Is It Time To Rev Up AAM?

I’m trying to game out what the end vision of these AAM devices is. If it’s simply about accessibility from tight locations throughout a city, helicopters have existed for a very long time. So, it must be about cost. A Blade flight to JFK from the NYC heliport is about $95. So, we’re shooting for cheaper than $95 for a typical 10-20 mile flight. Ideally, we also want more pickup and dropoff locations (although we don’t currently have heliports everywhere, and there are reasons for that the AAM guys will still need to solve).

For the economics to work out like the investors want it to, there will need to be many aircraft, many flights, and many vertiports. Given the reaction to the Texas Amazon drone delivery facilities, it seems highly unlikely anyone wants these things whizzing over our heads at all hours.

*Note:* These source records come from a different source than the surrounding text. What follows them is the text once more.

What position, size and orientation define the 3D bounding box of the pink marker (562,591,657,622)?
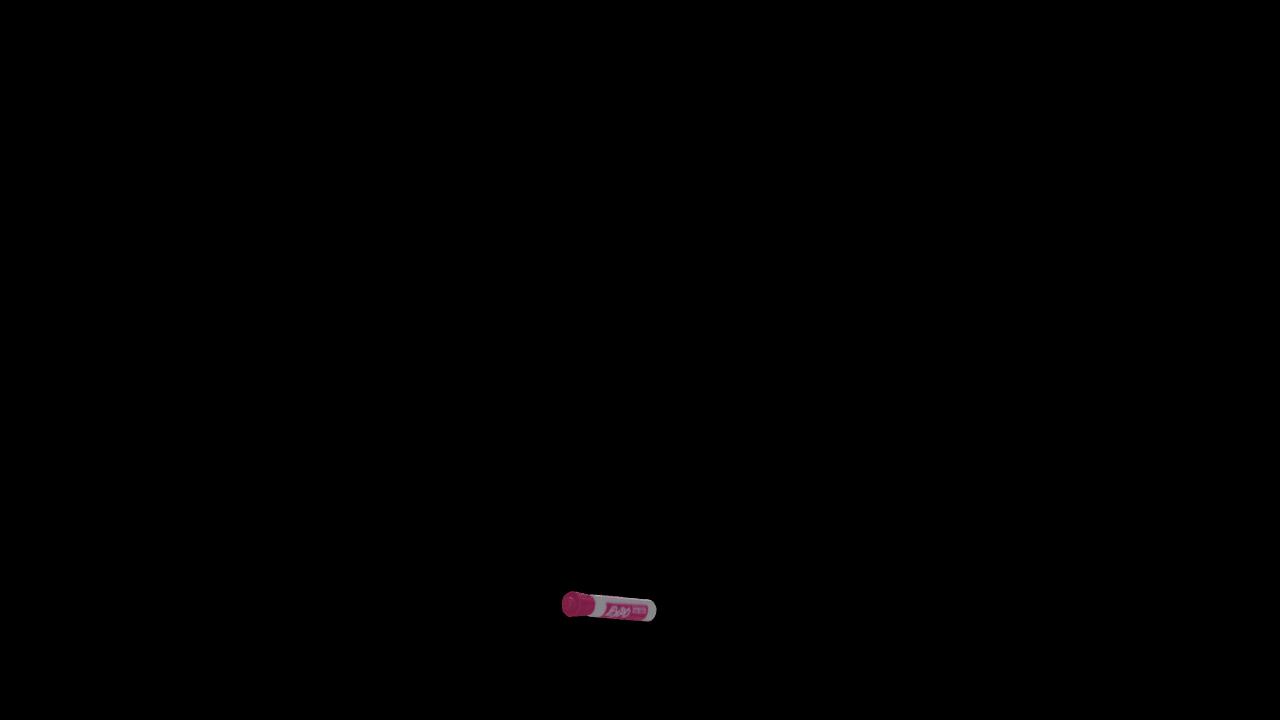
[{"bbox_3d":[-0.025,0.209,0.521,0.020,0.020,0.121,0,-21,35],"label":"pink marker"}]
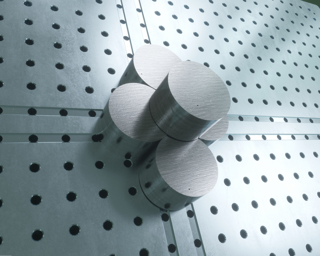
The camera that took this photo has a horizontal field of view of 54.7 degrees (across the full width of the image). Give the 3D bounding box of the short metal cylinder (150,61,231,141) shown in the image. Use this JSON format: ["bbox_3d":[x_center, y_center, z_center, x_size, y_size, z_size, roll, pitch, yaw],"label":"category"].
[{"bbox_3d":[0.035,-0.031,0.364,0.081,0.050,0.080,14,56,-21],"label":"short metal cylinder"}]

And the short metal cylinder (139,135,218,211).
[{"bbox_3d":[0.022,0.052,0.371,0.081,0.050,0.080,14,54,-20],"label":"short metal cylinder"}]

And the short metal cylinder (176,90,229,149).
[{"bbox_3d":[0.045,-0.008,0.420,0.081,0.050,0.080,14,56,-21],"label":"short metal cylinder"}]

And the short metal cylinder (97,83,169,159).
[{"bbox_3d":[-0.031,-0.008,0.380,0.081,0.050,0.080,14,56,-21],"label":"short metal cylinder"}]

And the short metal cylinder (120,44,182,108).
[{"bbox_3d":[-0.008,-0.068,0.428,0.081,0.050,0.080,14,56,-22],"label":"short metal cylinder"}]
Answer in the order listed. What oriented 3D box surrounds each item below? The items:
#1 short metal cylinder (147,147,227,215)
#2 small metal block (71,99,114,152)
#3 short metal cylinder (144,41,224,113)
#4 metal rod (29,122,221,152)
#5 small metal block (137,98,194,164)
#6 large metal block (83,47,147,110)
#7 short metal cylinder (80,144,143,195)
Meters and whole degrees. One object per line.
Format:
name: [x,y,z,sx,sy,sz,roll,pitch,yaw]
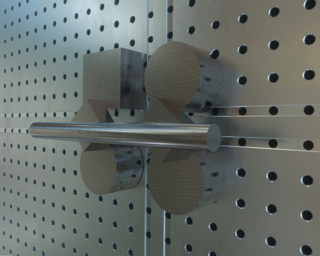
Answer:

So, we need them completely silent, completely safe, either with way more air traffic control or automated air traffic control systems, we need access to real estate that has never been open before, there must be really cheap flights, and high volume recharging stations along with power infrastructure. This sounds a lot like the VLJ “revolution” we were promised. The Eclipse was supposed to be $800k and we’d all fly private because there’d be so many and they’d be so cheap.

I’m not entirely sure what I’d use this service for. Traveling to the airport would be nice, but Blade does that already. Going to a baseball game would be nice, but how they’d get 50k people into and out of a stadium is just mathematically impossible with AAM. Going to pick up groceries doesn’t really make sense. Going on a road trip doesn’t make sense either. So, what’s the use case?